> [TASK DESCRIPTION]: Would you please state how many lines in the entries contain the word "medium"? Only the number should be given.

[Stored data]
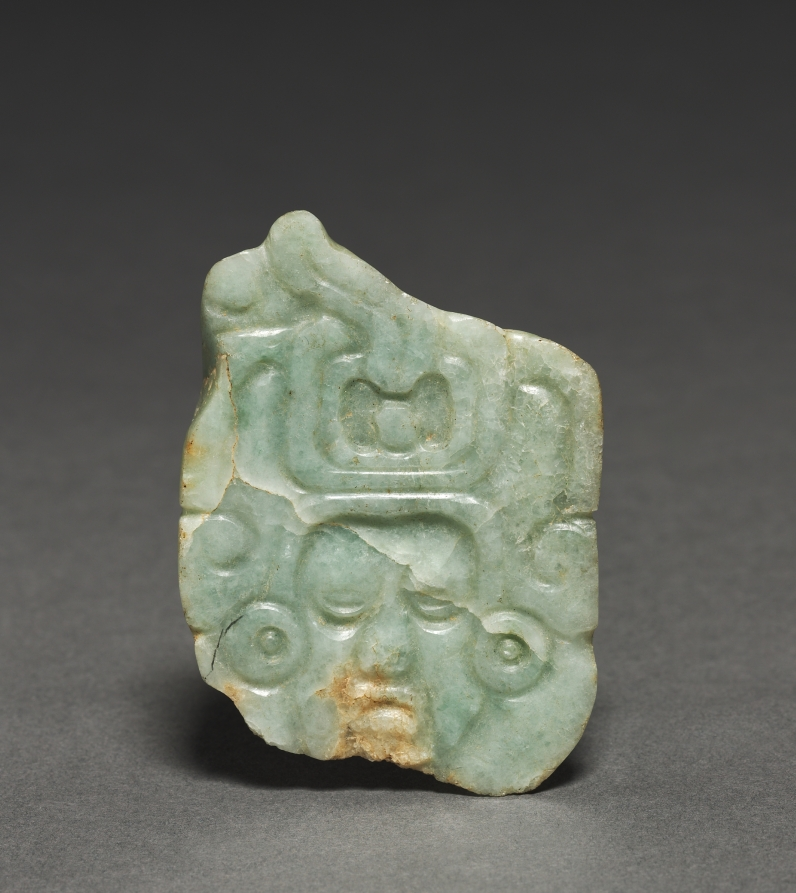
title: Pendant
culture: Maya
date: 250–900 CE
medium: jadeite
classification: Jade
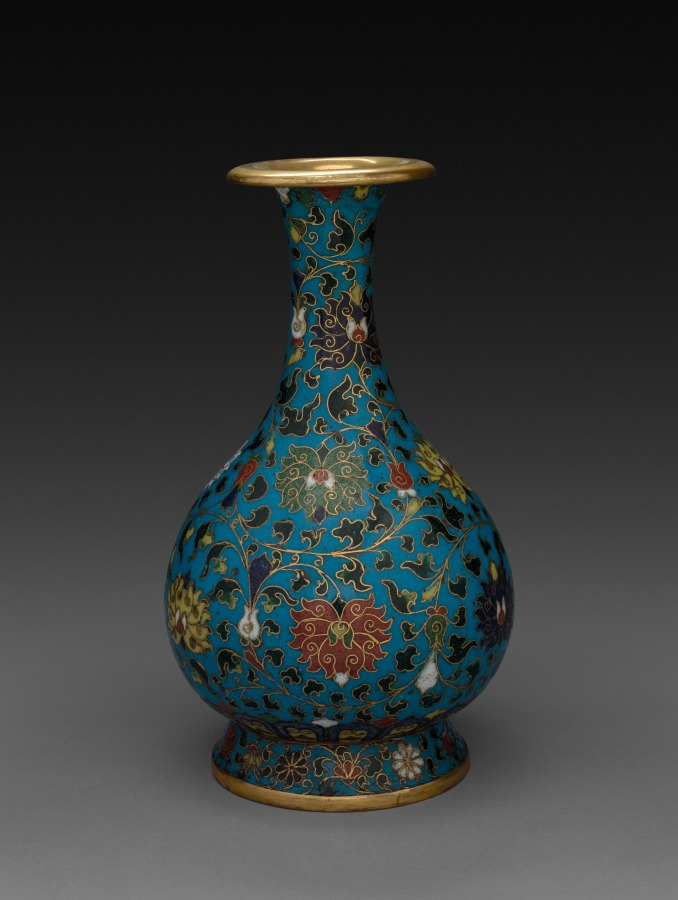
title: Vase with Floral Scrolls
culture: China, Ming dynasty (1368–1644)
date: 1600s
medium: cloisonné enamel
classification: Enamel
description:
---
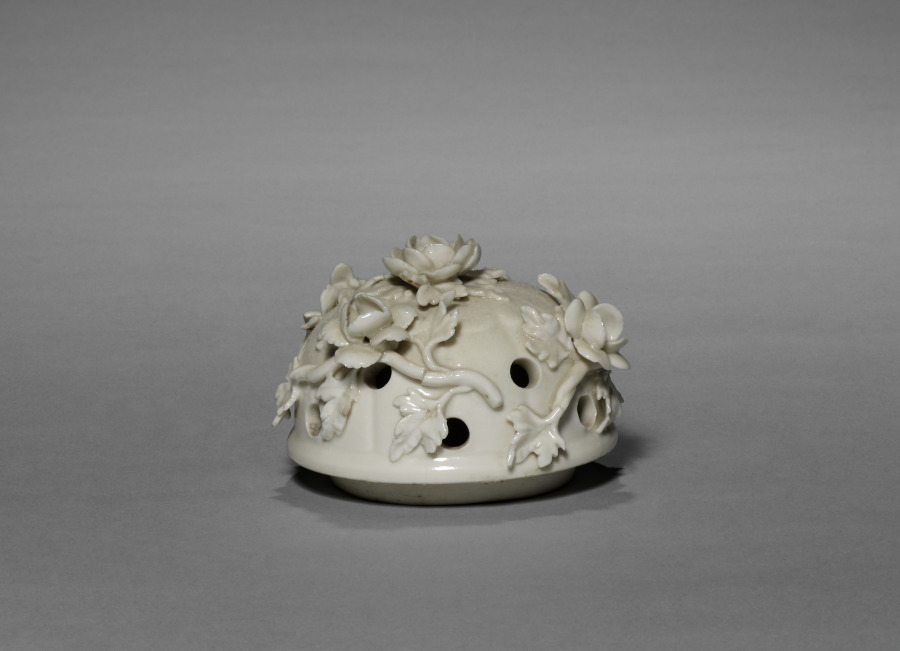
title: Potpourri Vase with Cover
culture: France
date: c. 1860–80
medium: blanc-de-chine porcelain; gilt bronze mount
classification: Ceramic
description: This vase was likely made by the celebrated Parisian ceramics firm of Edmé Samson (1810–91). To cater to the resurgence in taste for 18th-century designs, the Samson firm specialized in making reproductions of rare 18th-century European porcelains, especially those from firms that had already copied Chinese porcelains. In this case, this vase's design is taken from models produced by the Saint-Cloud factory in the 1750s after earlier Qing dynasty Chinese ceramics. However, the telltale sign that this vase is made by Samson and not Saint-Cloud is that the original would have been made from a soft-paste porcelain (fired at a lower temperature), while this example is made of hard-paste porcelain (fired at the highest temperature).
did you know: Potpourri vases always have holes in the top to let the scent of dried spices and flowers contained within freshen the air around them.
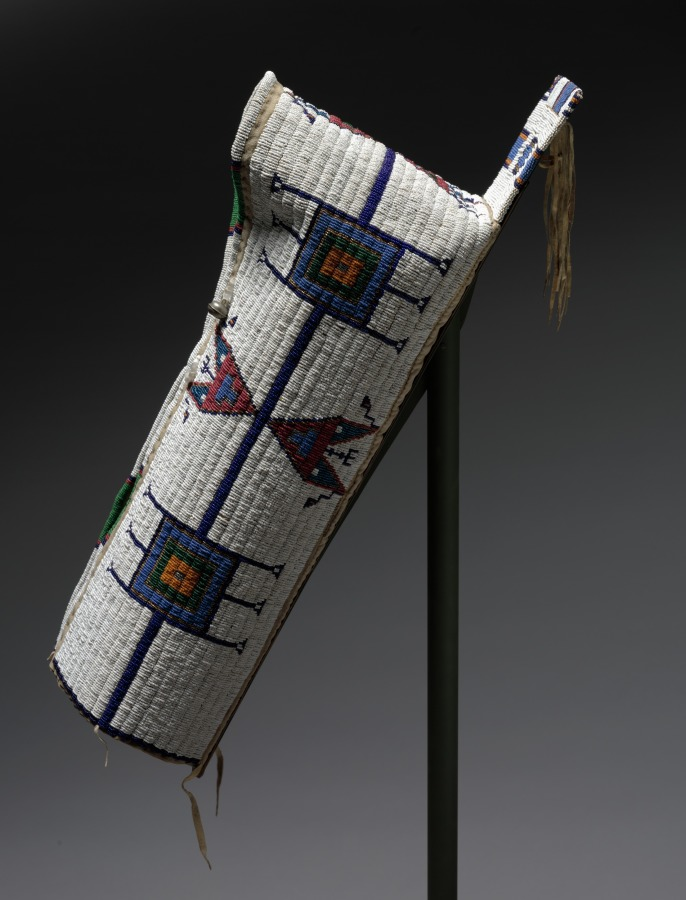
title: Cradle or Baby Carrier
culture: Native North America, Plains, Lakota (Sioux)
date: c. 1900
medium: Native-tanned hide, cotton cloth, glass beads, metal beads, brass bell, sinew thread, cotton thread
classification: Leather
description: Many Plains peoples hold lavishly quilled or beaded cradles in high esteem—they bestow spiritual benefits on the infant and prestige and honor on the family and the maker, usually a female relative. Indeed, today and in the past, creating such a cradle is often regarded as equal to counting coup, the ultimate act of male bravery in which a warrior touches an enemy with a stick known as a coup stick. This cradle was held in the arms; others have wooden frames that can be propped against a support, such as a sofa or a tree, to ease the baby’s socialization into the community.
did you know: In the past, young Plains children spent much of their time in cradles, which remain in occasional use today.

> [ANSWER TO THE PROBLEM]: 4